DimABSA: Building Multilingual and Multidomain Datasets for Dimensional Aspect-Based Sentiment Analysis

arXiv cs.CL / 4/27/2026

📰 NewsSignals & Early TrendsTools & Practical UsageModels & Research

Key Points

  • The paper proposes a dimensional approach to aspect-based sentiment analysis by using continuous valence-arousal (VA) scores instead of coarse positive/negative labels.
  • It introduces DimABSA, a multilingual and multidomain dataset annotated with standard ABSA elements (aspect terms/categories and opinion terms) plus VA scores, covering six languages, four domains, and 76,958 aspect instances.
  • The authors define three subtasks that combine VA prediction with different ABSA elements, bridging conventional categorical ABSA to dimensional ABSA.
  • To evaluate these mixed categorical/continuous tasks, they introduce a new unified metric called continuous F1 (cF1) that accounts for VA prediction error.
  • A benchmark is reported using both prompted and fine-tuned large language models, and the dataset has been publicly released and used in Track A of SemEval-2026 Task 3 with 300+ participants.

Abstract

Aspect-Based Sentiment Analysis (ABSA) focuses on extracting sentiment at a fine-grained aspect level and has been widely applied across real-world domains.
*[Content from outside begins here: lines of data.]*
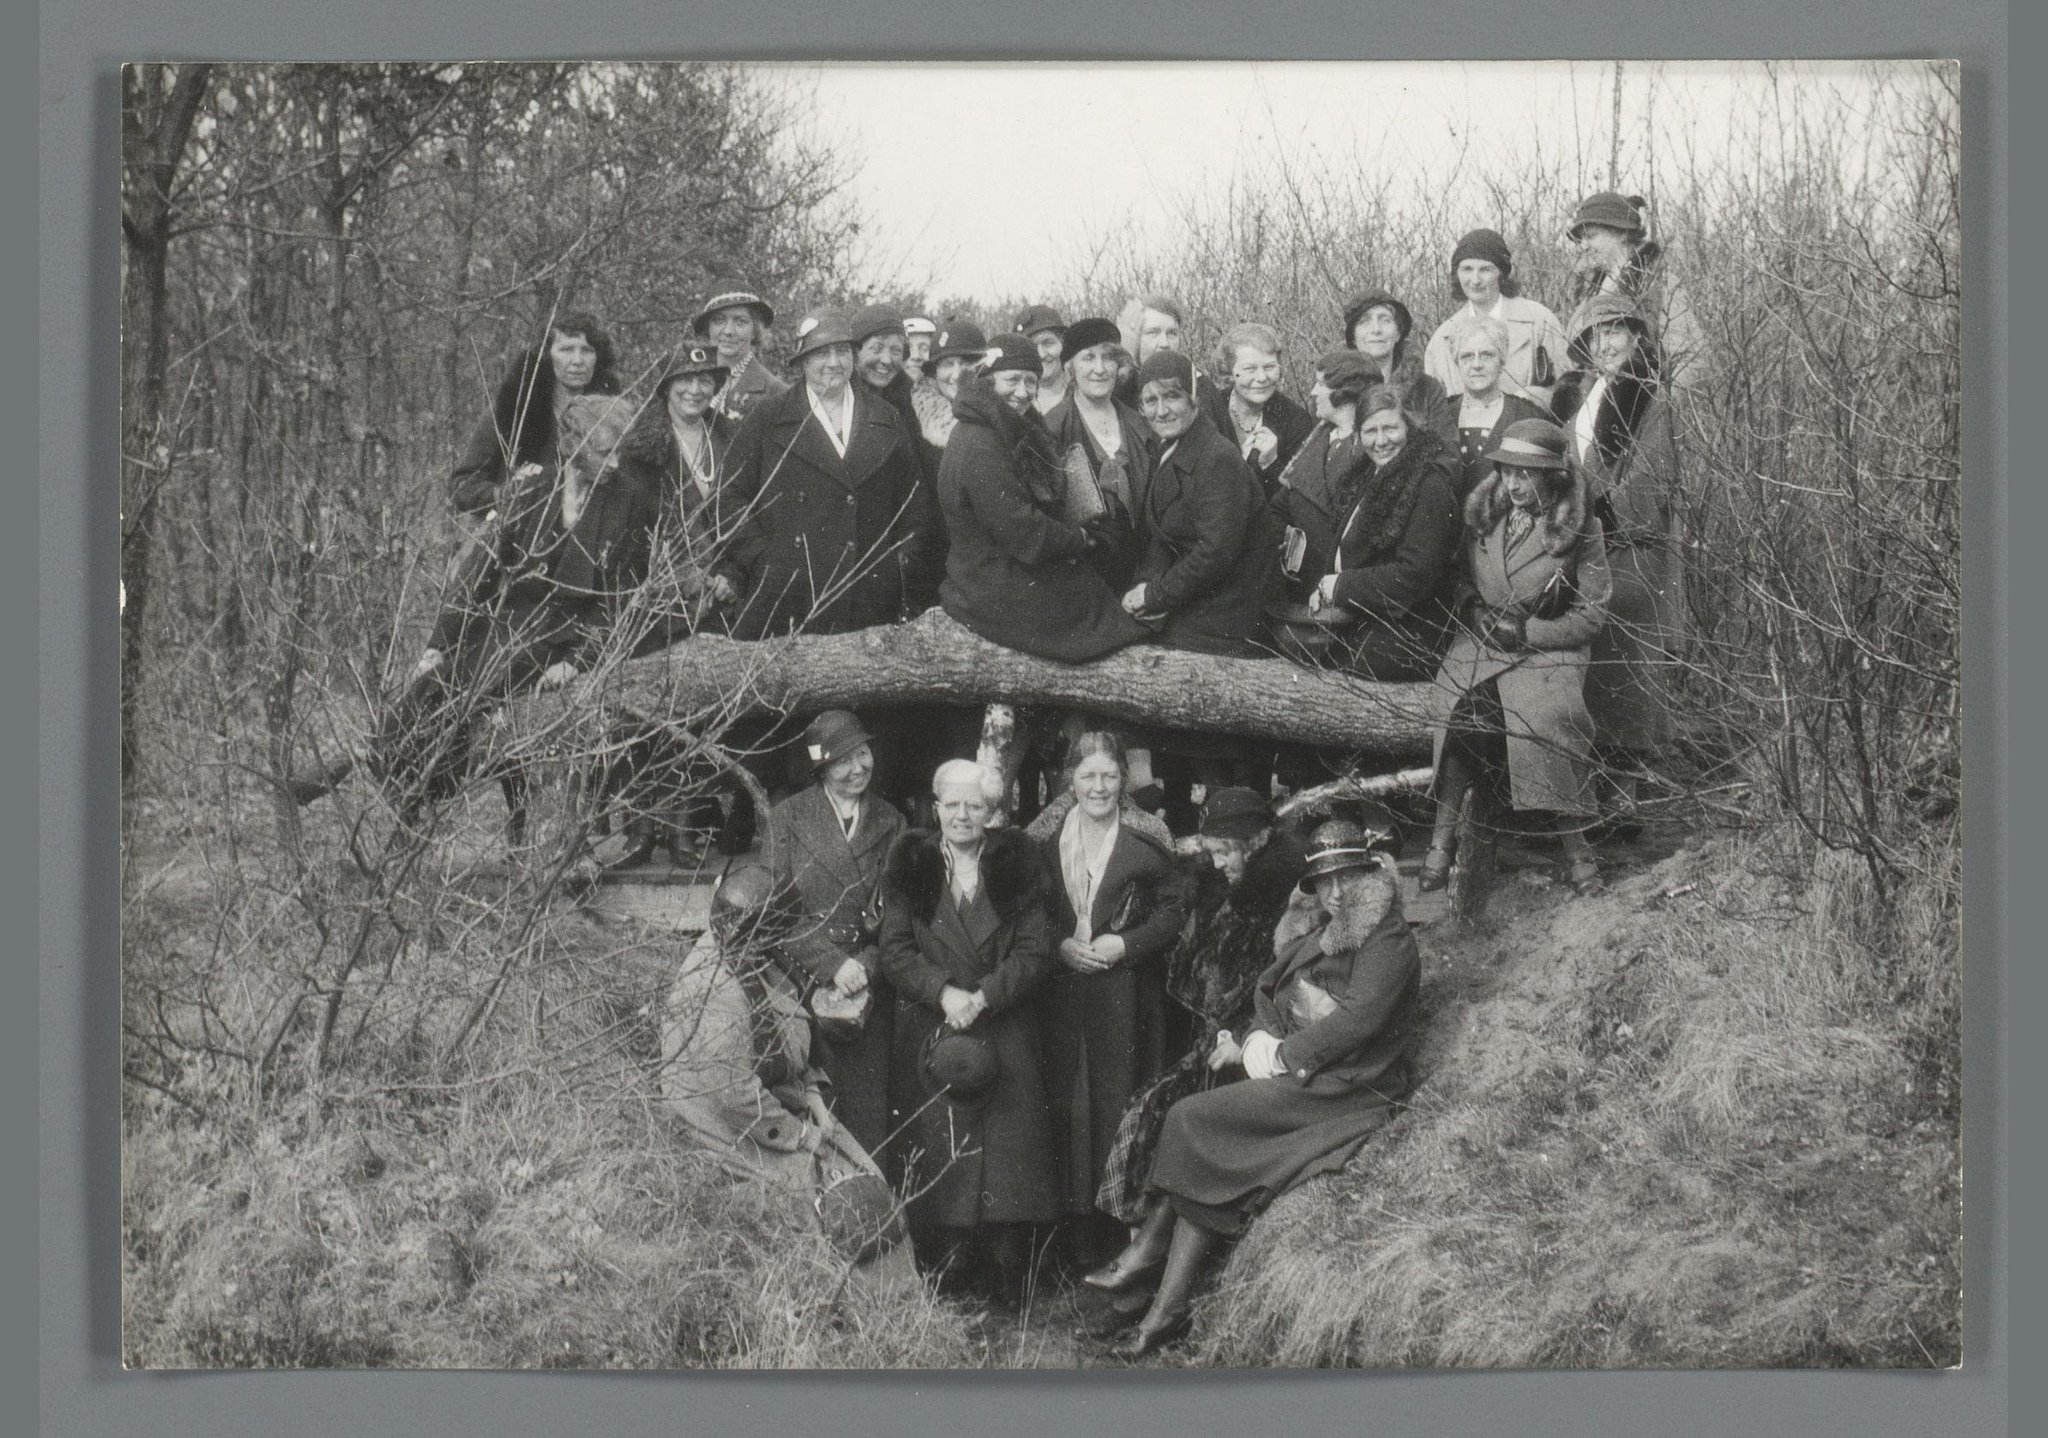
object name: photograph
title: Groepsportret van onbekende vrouwen rond een boomstronk
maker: Anonymous
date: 1920-1950
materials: paper
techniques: gelatin silver print
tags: anonymous historical persons portrayed in a group, in a group-portrait

However, existing ABSA research relies on coarse-grained categorical labels (e.g., positive, negative), which limits its ability to capture nuanced affective states. To address this limitation, we adopt a dimensional approach that represents sentiment with continuous valence-arousal (VA) scores, enabling fine-grained analysis at both the aspect and sentiment levels. To this end, we introduce DimABSA, the first multilingual, dimensional ABSA resource annotated with both traditional ABSA elements (aspect terms, aspect categories, and opinion terms) and newly introduced VA scores. This resource contains 76,958 aspect instances across 42,590 sentences, spanning six languages and four domains. We further introduce three subtasks that combine VA scores with different ABSA elements, providing a bridge from traditional ABSA to dimensional ABSA. Given that these subtasks involve both categorical and continuous outputs, we propose a new unified metric, continuous F1 (cF1), which incorporates VA prediction error into standard F1. We provide a comprehensive benchmark using both prompted and fine-tuned large language models across all subtasks. Our results show that DimABSA is a challenging benchmark and provides a foundation for advancing multilingual dimensional ABSA. We publicly released the DimABSA dataset, which was used for Track A of SemEval-2026 Task 3, attracting over 300 participants.